Y es Dios quien conduce al pueblo. Y la pregunta que siempre podemos hacernos es la siguiente: ¿por qué el pueblo tuvo que caminar por 40 años para llegar a la tierra de Israel adonde se puede llegar —incluso caminando— en mucho menos que en 40 años?

El problema es que el recorrido que hace el pueblo es un recorrido de transformación. No están listos para entrar en la Tierra Prometida. De hecho en el Libro de los Números nosotros vemos que el pueblo llega bastante pronto a la Tierra Prometida, manda a los exploradores, recibe noticias, pero se negará a entrar. ¿Por qué?

Dicen los rabinos que se necesitó una noche para sacar a Israel de Egipto, pero después se necesitaron 40 años para sacar Egipto del corazón de los Israelitas.

Entonces Jesús va al desierto porque debe pasar, debe entrar en esta lógica. La lógica de la salvación pasa por esta etapa: la etapa del momento vacío.

Entre el bien y el mal, entre la vida no redimida y la vida redimida hay una zona intermedia, una zona oscura que se llama «transformación».
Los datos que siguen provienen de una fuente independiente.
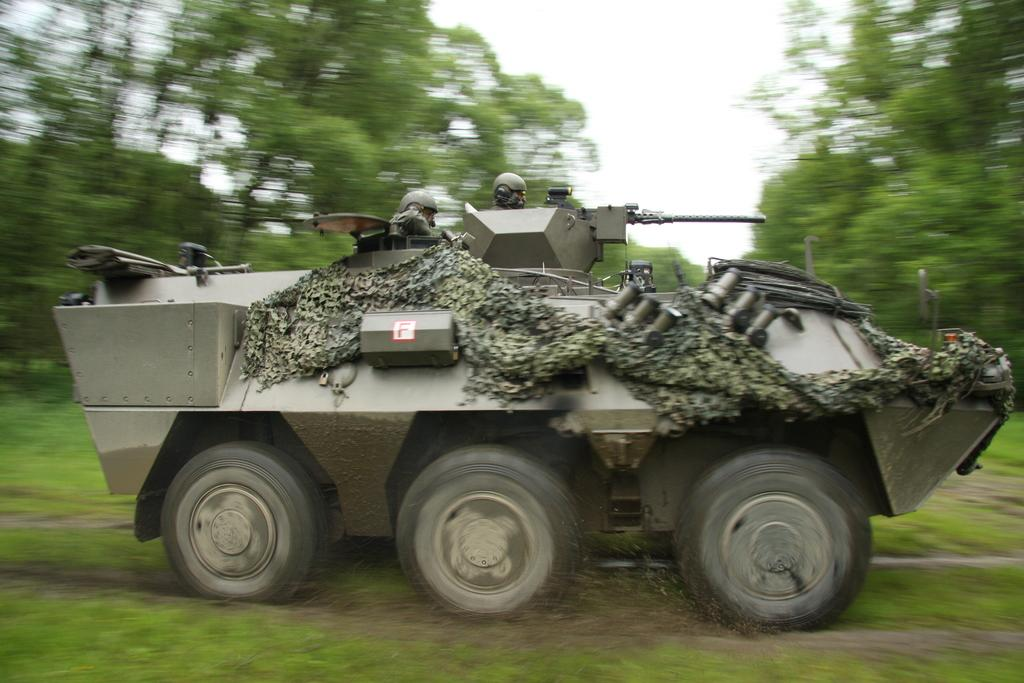What is the main subject of the image? There is a vehicle in the image. Who is inside the vehicle? There are people wearing helmets inside the vehicle. What type of environment is visible in the image? There is grass, trees, and the sky visible in the image. What type of tax is being discussed by the people inside the vehicle? There is no indication in the image that the people inside the vehicle are discussing any type of tax. Can you see a judge or a bell in the image? No, there is no judge or bell present in the image. 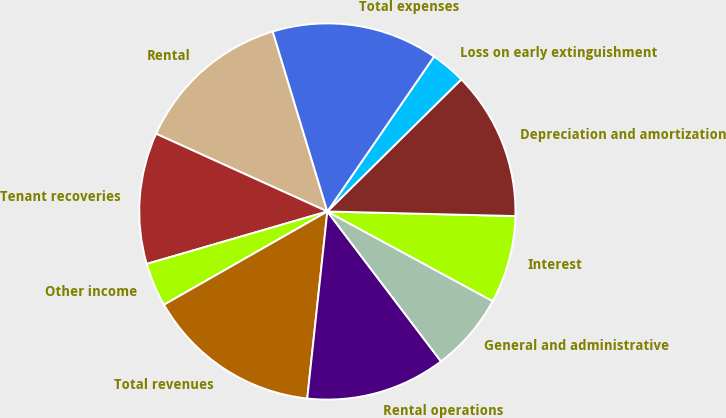<chart> <loc_0><loc_0><loc_500><loc_500><pie_chart><fcel>Rental<fcel>Tenant recoveries<fcel>Other income<fcel>Total revenues<fcel>Rental operations<fcel>General and administrative<fcel>Interest<fcel>Depreciation and amortization<fcel>Loss on early extinguishment<fcel>Total expenses<nl><fcel>13.53%<fcel>11.28%<fcel>3.76%<fcel>15.04%<fcel>12.03%<fcel>6.77%<fcel>7.52%<fcel>12.78%<fcel>3.01%<fcel>14.29%<nl></chart> 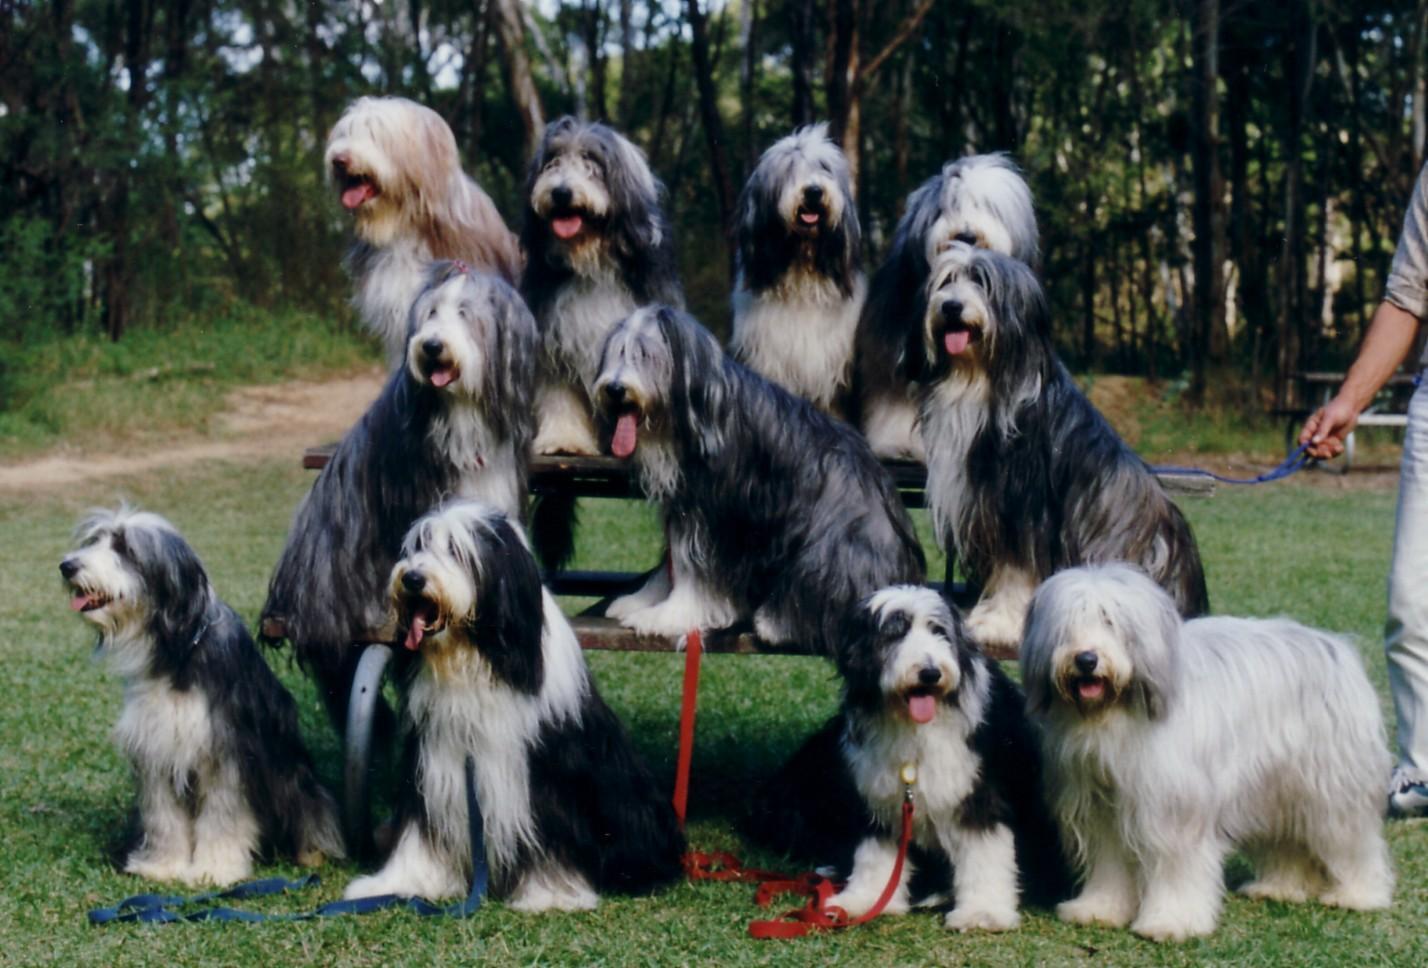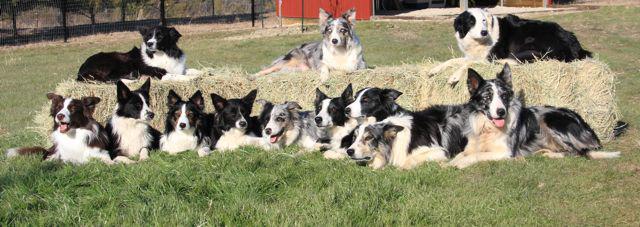The first image is the image on the left, the second image is the image on the right. Analyze the images presented: Is the assertion "There are at least seven dogs in the image on the right." valid? Answer yes or no. Yes.

El desierto —en la Biblia— es un lugar de cambio. Es un tiempo de transición, un tiempo de paso. No es un lugar donde se está de manera estable. No se vive en el desierto.El desierto se atraviesa. Por el desierto se pasa. Jesús debe pasar por estos 40 días para ser tentado por Satanás. 

Y nosotros también. Tenemos un desierto que atravesar. Y hay un combate al que hemos de entrar.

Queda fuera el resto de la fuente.